ASSIGNMENT =
Please give the number of lines in the records below where the word "units" occurs, and nothing else.

[Stored records]
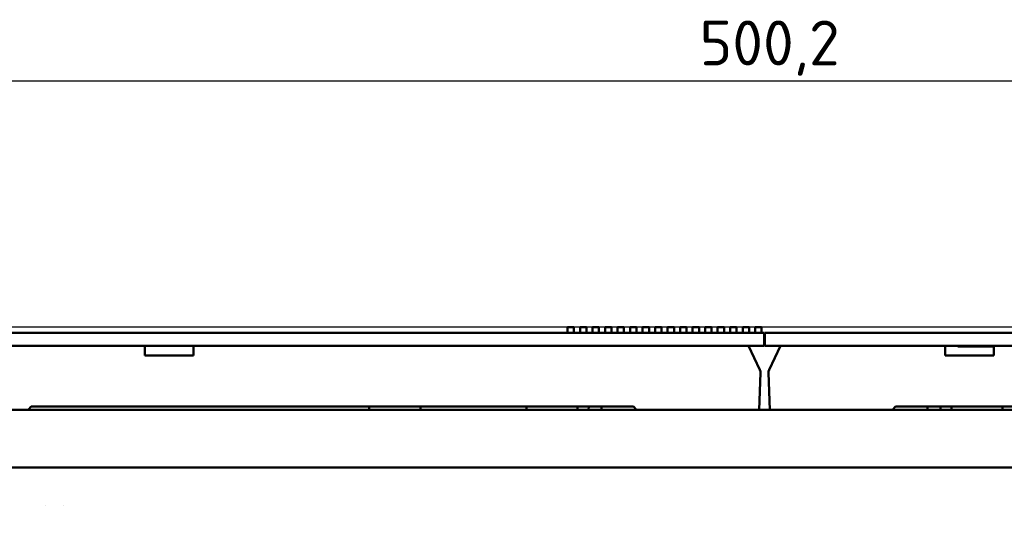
# Model space of a CAD drawing. Header units: millimetres. Extents: x 0 to 4878, y -120 to 1682.
# Tile 20 of 256: x 414 to 567, y 630 to 708. Entities that reach past the tile are written whole.
import ezdxf

# ---------------------------------------------------------------- set-up
doc = ezdxf.new("R2010")
doc.units = ezdxf.units.MM
doc.header["$LTSCALE"] = 2
doc.layers.add('Bemaßung (ISO)', color=7, linetype='Continuous', lineweight=25)
doc.layers.add('Sichtbar (ISO)', color=7, linetype='Continuous', lineweight=50)
doc.styles.add('Notiztext (DIN)', font='isocpeur.ttf')
doc.dimstyles.new('Standard (DIN)', dxfattribs={"dimscale": 2, "dimtxt": 3.5, "dimasz": 2.5, "dimexe": 2, "dimexo": 0.5, "dimgap": 0.5, "dimtad": 1, "dimrnd": 1e-08, "dimtxsty": 'Notiztext (DIN)', "dimcen": 0.09, "dimdle": 10, "dimclrd": 256, "dimclre": 256, "dimclrt": 256, "dimadec": 0, "dimazin": 0, "dimtfac": 1, "dimtmove": 0, "dimatfit": 3, "dimfxl": 1, "dimtolj": 1, "dimtzin": 0, "dimlwd": -1, "dimlwe": -1, "dimarcsym": 0})

# ---------------------------------------------------------------- blocks, each defined once
blk = doc.blocks.new('*D17')
at = {"layer": 'Bemaßung (ISO)', "transparency": 16777216}
for p, q in [((280.16, 659.92), (280.16, 702.29)), ((780.36, 657.42), (780.36, 702.29)), ((285.16, 698.29), (775.36, 698.29))]:
    blk.add_line(p, q, dxfattribs=at)
for points in [[(285.16, 699.13), (285.16, 697.46), (280.16, 698.29)], [(775.36, 699.13), (775.36, 697.46), (780.36, 698.29)]]:
    blk.add_solid(points, dxfattribs=at)
at = {"layer": 'Defpoints', "color": 0, "transparency": 16777216}
for p in [(780.36, 698.29), (280.16, 658.92), (780.36, 656.42)]:
    blk.add_point(p, dxfattribs=at)
at = {"layer": 'Bemaßung (ISO)', "transparency": 16777216, "insert": (519.93, 707.69), "char_height": 7, "attachment_point": 1, "style": 'Notiztext (DIN)'}
blk.add_mtext('\\A1;500,2', dxfattribs=at)
blk = doc.blocks.new('*D22')
at = {"layer": 'Bemaßung (ISO)', "transparency": 16777216}
for p, q in [((748.26, 659.82), (213.48, 659.82)), ((217.48, 654.82), (217.48, 540.29)), ((619.59, 535.29), (213.48, 535.29))]:
    blk.add_line(p, q, dxfattribs=at)
for points in [[(216.64, 654.82), (218.31, 654.82), (217.48, 659.82)], [(216.64, 540.29), (218.31, 540.29), (217.48, 535.29)]]:
    blk.add_solid(points, dxfattribs=at)
at = {"layer": 'Defpoints', "color": 0, "transparency": 16777216}
for p in [(749.26, 659.82), (217.48, 535.29), (620.59, 535.29)]:
    blk.add_point(p, dxfattribs=at)
at = {"layer": 'Bemaßung (ISO)', "transparency": 16777216, "insert": (208.08, 585.11), "char_height": 7, "attachment_point": 1, "rotation": 90, "style": 'Notiztext (DIN)'}
blk.add_mtext('\\A1;124,53', dxfattribs=at)
blk = doc.blocks.new('*D23')
at = {"layer": 'Bemaßung (ISO)', "transparency": 16777216}
for p, q in [((748.26, 659.82), (241.48, 659.82)), ((245.48, 654.82), (245.48, 592.42)), ((281.58, 587.42), (241.48, 587.42))]:
    blk.add_line(p, q, dxfattribs=at)
for points in [[(244.64, 654.82), (246.31, 654.82), (245.48, 659.82)], [(244.64, 592.42), (246.31, 592.42), (245.48, 587.42)]]:
    blk.add_solid(points, dxfattribs=at)
at = {"layer": 'Defpoints', "color": 0, "transparency": 16777216}
for p in [(749.26, 659.82), (245.48, 587.42), (282.58, 587.42)]:
    blk.add_point(p, dxfattribs=at)
at = {"layer": 'Bemaßung (ISO)', "transparency": 16777216, "insert": (236.08, 615.38), "char_height": 7, "attachment_point": 1, "rotation": 90, "style": 'Notiztext (DIN)'}
blk.add_mtext('\\A1;72,4', dxfattribs=at)
blk = doc.blocks.new('*D34')
at = {"layer": 'Bemaßung (ISO)', "transparency": 16777216}
for p, q in [((748.26, 659.82), (227.48, 659.82)), ((231.48, 577.62), (231.48, 654.82)), ((289.06, 572.62), (227.48, 572.62))]:
    blk.add_line(p, q, dxfattribs=at)
for points in [[(230.64, 654.82), (232.31, 654.82), (231.48, 659.82)], [(230.64, 577.62), (232.31, 577.62), (231.48, 572.62)]]:
    blk.add_solid(points, dxfattribs=at)
at = {"layer": 'Defpoints', "color": 0, "transparency": 16777216}
for p in [(231.48, 659.82), (749.26, 659.82), (290.06, 572.62)]:
    blk.add_point(p, dxfattribs=at)
at = {"layer": 'Bemaßung (ISO)', "transparency": 16777216, "insert": (222.08, 608.33), "char_height": 7, "attachment_point": 1, "rotation": 90, "style": 'Notiztext (DIN)'}
blk.add_mtext('\\A1;87,2', dxfattribs=at)

msp = doc.modelspace()

# ---------------------------------------------------------------- linework, layer by layer
at = {"layer": 'Sichtbar (ISO)'}
for p, q in [((499.3078, 659.8207), (499.3078, 658.9207)), ((500.3078, 659.8207), (499.3078, 659.8207)), ((500.3078, 659.8207), (500.3078, 658.9207)), ((501.2608, 659.8207), (501.2608, 658.9207)), ((502.2608, 659.8207), (501.2608, 659.8207)), ((502.2608, 659.8207), (502.2608, 658.9207)), ((503.2138, 659.8207), (503.2138, 658.9207)), ((504.2138, 659.8207), (503.2138, 659.8207)), ((504.2138, 659.8207), (504.2138, 658.9207)), ((505.1668, 659.8207), (505.1668, 658.9207)), ((506.1668, 659.8207), (505.1668, 659.8207)), ((506.1668, 659.8207), (506.1668, 658.9207)), ((507.1198, 659.8207), (507.1198, 658.9207)), ((508.1198, 659.8207), (507.1198, 659.8207)), ((508.1198, 659.8207), (508.1198, 658.9207)), ((509.0728, 659.8207), (509.0728, 658.9207)), ((510.0728, 659.8207), (509.0728, 659.8207)), ((510.0728, 659.8207), (510.0728, 658.9207)), ((511.0258, 659.8207), (511.0258, 658.9207)), ((512.0258, 659.8207), (511.0258, 659.8207)), ((512.0258, 659.8207), (512.0258, 658.9207)), ((512.9788, 659.8207), (512.9788, 658.9207)), ((513.9788, 659.8207), (512.9788, 659.8207)), ((513.9788, 659.8207), (513.9788, 658.9207)), ((514.9318, 659.8207), (514.9318, 658.9207)), ((515.9318, 659.8207), (514.9318, 659.8207)), ((515.9318, 659.8207), (515.9318, 658.9207)), ((516.8848, 659.8207), (516.8848, 658.9207)), ((517.8848, 659.8207), (516.8848, 659.8207)), ((517.8848, 659.8207), (517.8848, 658.9207)), ((518.8378, 659.8207), (518.8378, 658.9207)), ((519.8378, 659.8207), (518.8378, 659.8207)), ((519.8378, 659.8207), (519.8378, 658.9207)), ((520.7908, 659.8207), (520.7908, 658.9207)), ((521.7908, 659.8207), (520.7908, 659.8207)), ((521.7908, 659.8207), (521.7908, 658.9207)), ((522.7438, 659.8207), (522.7438, 658.9207)), ((523.7438, 659.8207), (522.7438, 659.8207)), ((523.7438, 659.8207), (523.7438, 658.9207)), ((524.6968, 659.8207), (524.6968, 658.9207)), ((525.6968, 659.8207), (524.6968, 659.8207)), ((525.6968, 659.8207), (525.6968, 658.9207)), ((526.6498, 659.8207), (526.6498, 658.9207)), ((527.6498, 659.8207), (526.6498, 659.8207)), ((527.6498, 659.8207), (527.6498, 658.9207)), ((528.6028, 659.8207), (528.6028, 658.9207)), ((529.6028, 659.8207), (528.6028, 659.8207)), ((529.6028, 659.8207), (529.6028, 658.9207)), ((530.0078, 658.9207), (280.1578, 658.9207)), ((530.0078, 658.9207), (530.0078, 656.9207)), ((779.058, 658.9207), (530.1078, 658.9207)), ((530.1078, 658.9207), (530.1078, 656.9207)), ((530.0078, 656.9207), (280.1578, 656.9207)), ((433.3028, 655.4207), (433.3028, 656.9207)), ((440.9028, 656.9207), (440.9028, 655.4207)), ((529.342, 653.1405), (527.5828, 656.9207)), ((779.058, 656.9207), (530.1078, 656.9207)), ((532.5328, 656.9207), (530.7735, 653.1405)), ((558.2528, 655.4207), (558.2528, 656.9207)), ((560.2373, 656.9207), (560.2373, 656.8207)), ((565.8528, 656.8207), (560.2373, 656.8207)), ((565.8528, 656.9207), (565.8528, 655.4207)), ((433.3028, 655.4207), (440.9028, 655.4207)), ((558.2528, 655.4207), (565.8528, 655.4207)), ((529.2336, 646.9207), (529.4348, 652.6836)), ((530.6807, 652.6836), (530.882, 646.9207)), ((415.5828, 647.4207), (415.0829, 646.9208)), ((509.5828, 647.4207), (415.5828, 647.4207)), ((468.3328, 647.4207), (468.3328, 646.9208)), ((476.3328, 647.4207), (476.3328, 646.9208)), ((492.8783, 647.4207), (492.8783, 646.9208)), ((500.8783, 647.4207), (500.8783, 646.9207)), ((502.5804, 646.9207), (502.6066, 647.4207)), ((504.5928, 647.4207), (504.5928, 646.9207)), ((510.0827, 646.9207), (509.5828, 647.4207)), ((550.5328, 647.4207), (550.0328, 646.9207)), ((644.5328, 647.4207), (550.5328, 647.4207)), ((555.5228, 647.4207), (555.5228, 646.9207)), ((557.509, 647.4207), (557.5352, 646.9207)), ((559.2373, 647.4207), (559.2373, 646.9207)), ((567.2373, 647.4207), (567.2373, 646.9207)), ((752.0578, 646.9205), (280.4978, 646.921)), ((531.8814, 646.9207), (550.0328, 646.9207)), ((537.7328, 646.9207), (537.7328, 646.9207)), ((541.9227, 646.9207), (541.9227, 646.9207)), ((541.9447, 646.9207), (541.9447, 646.9207)), ((543.0328, 646.9207), (543.0328, 646.9207)), ((555.5228, 646.9207), (550.0328, 646.9207)), ((567.2373, 646.9207), (559.2373, 646.9207)), ((412.5578, 637.9205), (647.5578, 637.9205)), ((417.7663, 631.9201), (417.7663, 631.9201)), ((420.5563, 631.9201), (420.5563, 631.9201))]:
    msp.add_line(p, q, dxfattribs=at)
for centre, start, end in [((528.4354, 652.7185), 358, 24.956515), ((531.6801, 652.7185), 155.043485, 182)]:
    msp.add_arc(centre, 1, start, end, dxfattribs=at)

# ---------------------------------------------------------------- dimensions: what is measured, and where the dimension line sits
at = {"layer": 'Bemaßung (ISO)'}
for base, p1, p2, angle, picture, middle in [((780.358, 698.2934), (280.1578, 658.9207), (780.358, 656.4155), 180, '*D17', (530.2579, 698.2934)), ((217.478, 535.2864), (749.2578, 659.8207), (620.5934, 535.2864), 90, '*D22', (217.478, 597.5336)), ((231.478, 659.8207), (290.0578, 572.6205), (749.2578, 659.8207), 90, '*D34', (231.478, 616.2006)), ((245.478, 587.4205), (749.2578, 659.8207), (282.5756, 587.4205), 90, '*D23', (245.478, 623.6006))]:
    dim = msp.add_linear_dim(base=base, p1=p1, p2=p2, angle=angle, dimstyle='Standard (DIN)', override={"dimgap": 0.5, "dimdec": 2, "dimtol": 0, "dimlim": 0, "dimtp": 0, "dimtm": 0, "dimtdec": 2, "dimtofl": 0, "dimatfit": 1}, dxfattribs=at)
    dim.commit()
    dim.dimension.update_dxf_attribs({"geometry": picture, "text_midpoint": middle, "dimtype": 160})

doc.saveas('drawing.dxf')

TASK RESULT =
2